A Bound on Binding Energies and Mass Renormalization in Models of Quantum Electrodynamics

TL;DR

This paper establishes upper bounds on binding energies in various quantum electrodynamics models with ultraviolet cutoff, providing initial estimates for mass renormalization in these theories.

Contribution

It introduces the first known bounds on binding energies in multiple QED models, offering crude estimates for mass renormalization.

Findings

Upper bounds on binding energies derived for three QED models.

First estimates of mass renormalization in these models.

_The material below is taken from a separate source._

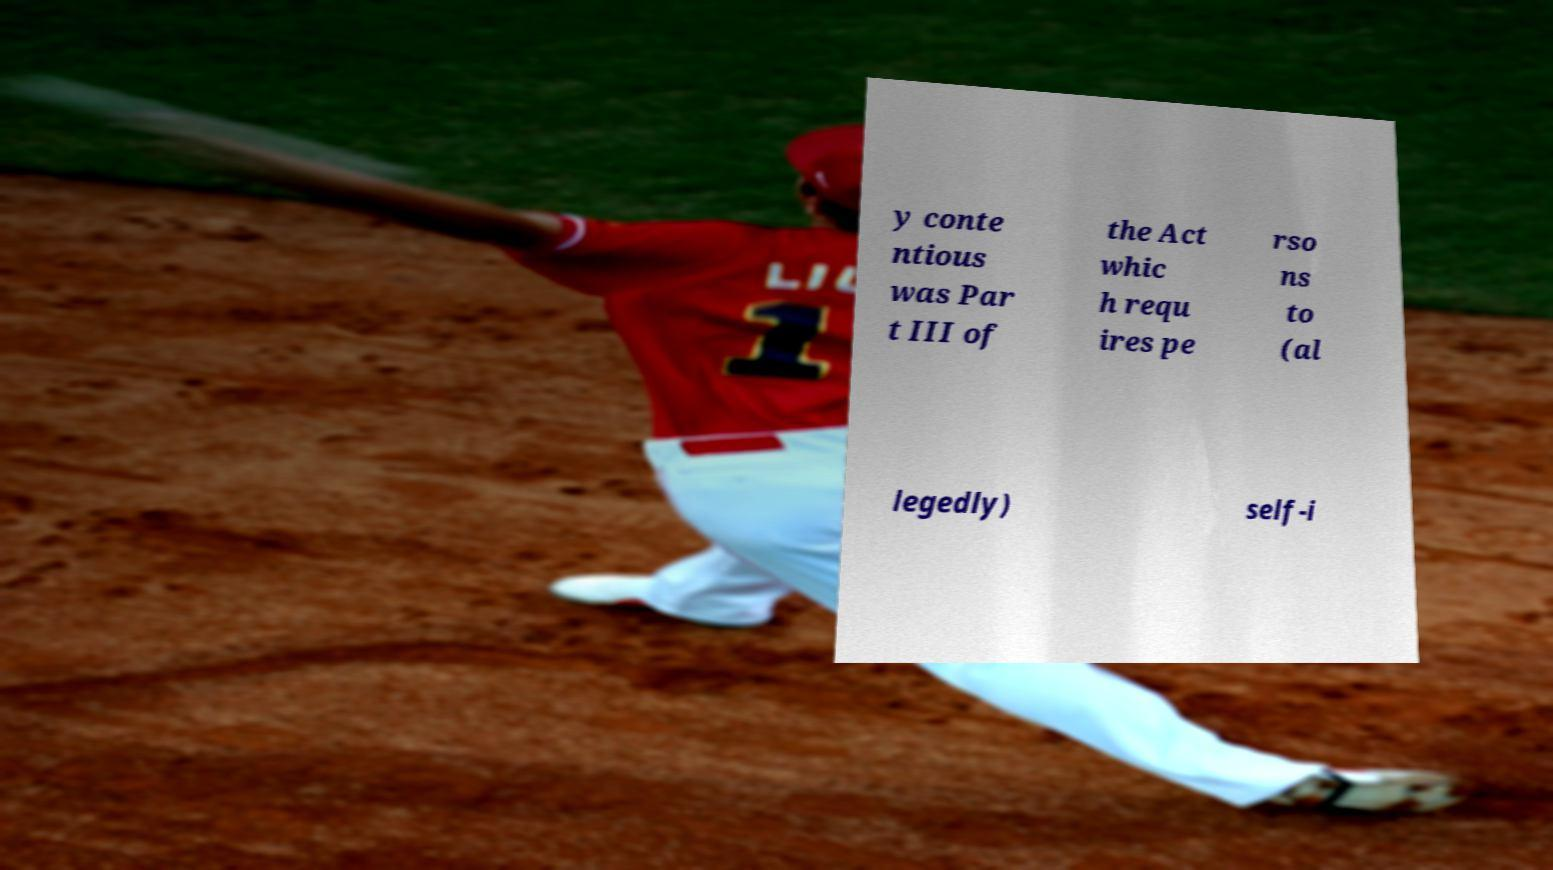Please identify and transcribe the text found in this image. y conte ntious was Par t III of the Act whic h requ ires pe rso ns to (al legedly) self-i

Applicable to both nonrelativistic and relativistic frameworks.

Abstract

We study three well known models of matter coupled to the ultraviolet cutoff, quantized radiation field and to the Coulomb potential of arbitrarily many nuclei. Two are nonrelativistic: the first uses the kinetic energy (p+eA(x))^2 and the second uses the Pauli-Fierz energy (p+eA(x))^2 +e\sigma \cdot B(x). The third, no-pair model, is relativistic and replaces the kinetic energy with the Dirac operator D(A), but restricted to its positive spectral subspace, which is the ``electron subspace''. In each case we are able to give an upper bound to the {\it binding} energy -- as distinct from the less difficult ground state energy. This implies, for the first time we believe, an estimate, albeit a crude one, of the mass renormalization in these theories.